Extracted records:
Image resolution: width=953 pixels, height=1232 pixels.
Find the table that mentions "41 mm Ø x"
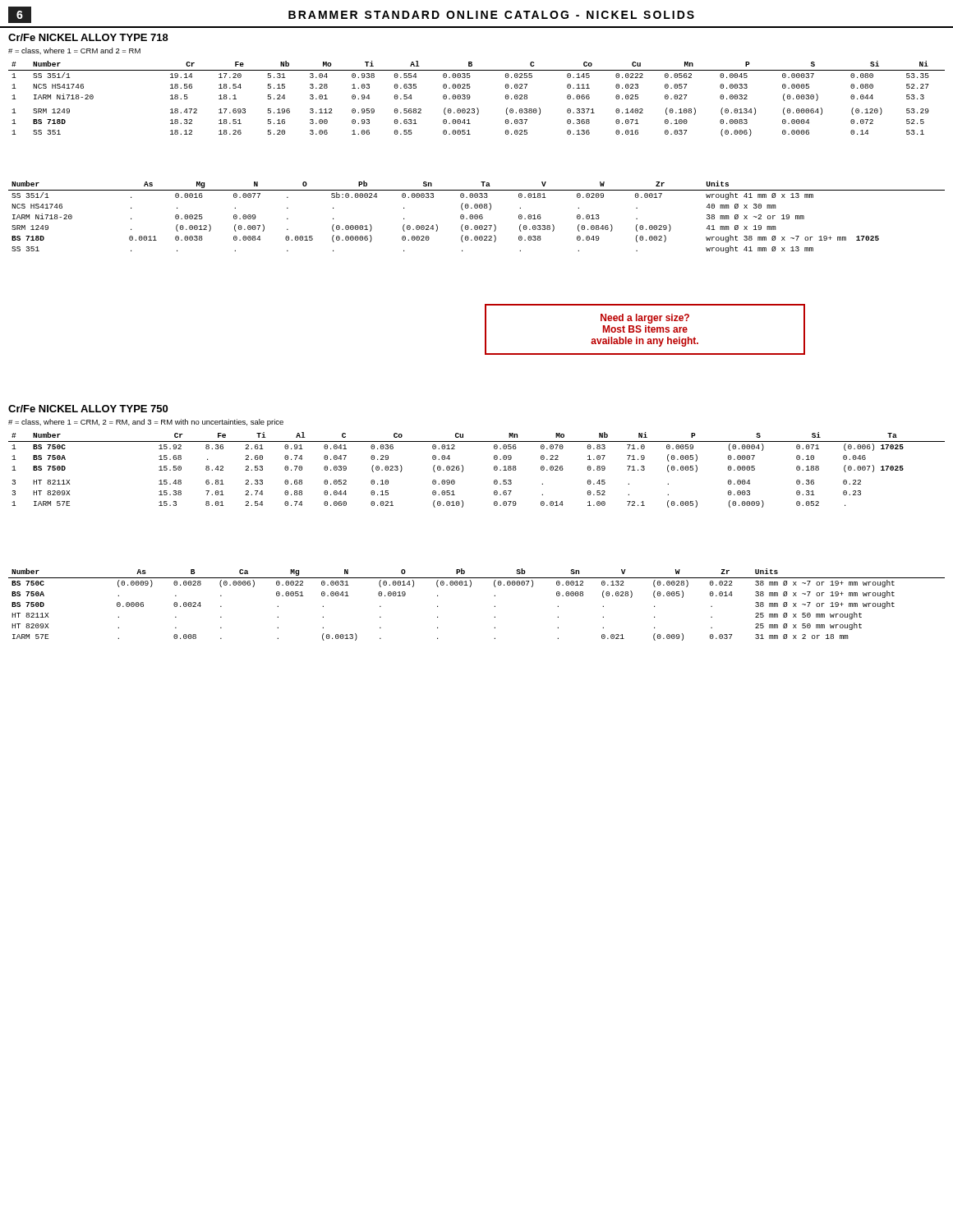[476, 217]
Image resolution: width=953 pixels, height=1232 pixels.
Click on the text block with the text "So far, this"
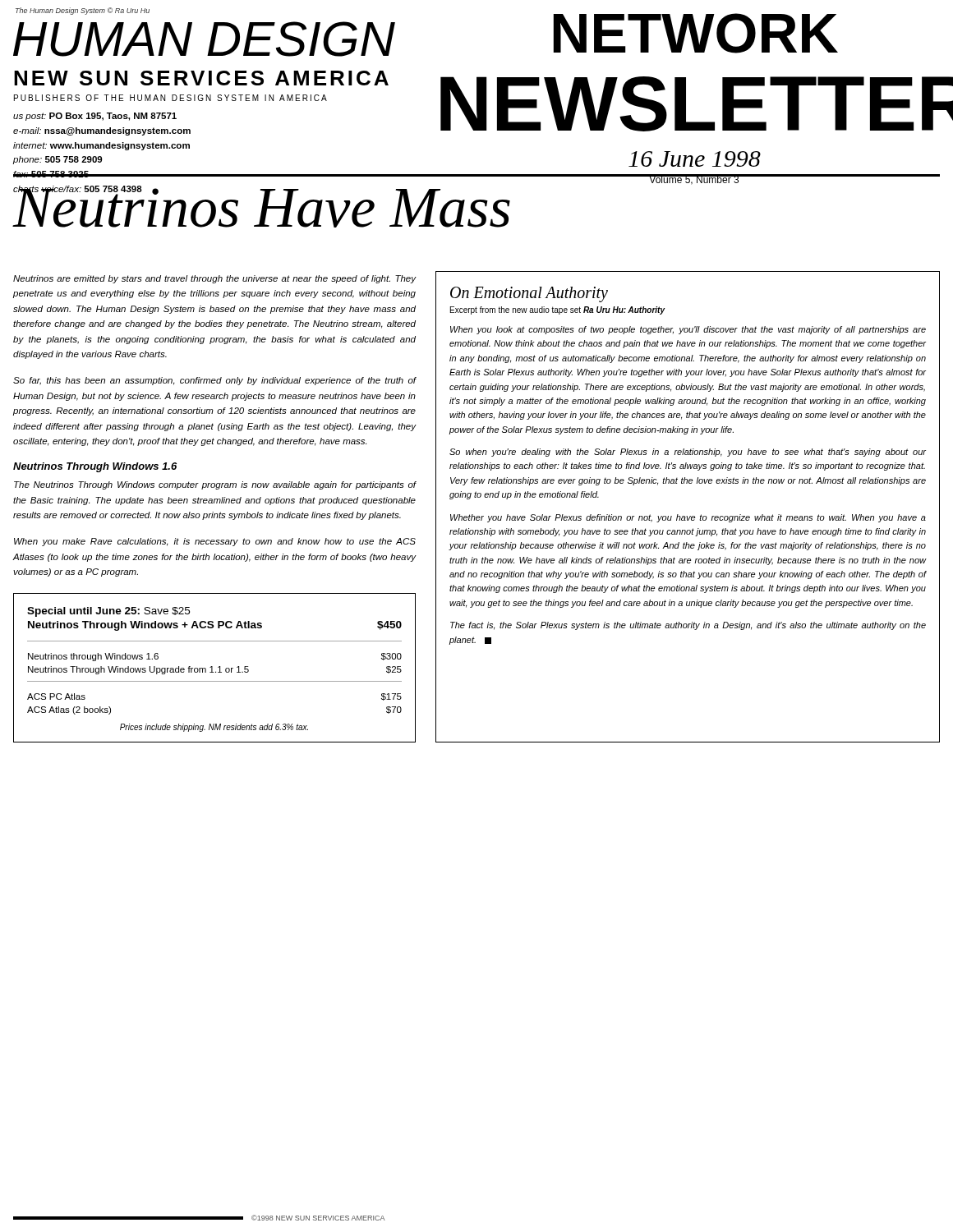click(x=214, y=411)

▶ _EXERCISE REQUIREMENTS_: The records above are to be repeated exactly, with the pictures left out.

▶ _THE COMPLETED TASK_:
Image resolution: width=953 pixels, height=1232 pixels.
Find the table that mentions "41 mm Ø x"
[476, 217]
Image resolution: width=953 pixels, height=1232 pixels.
Click on the text block with the text "So far, this"
click(x=214, y=411)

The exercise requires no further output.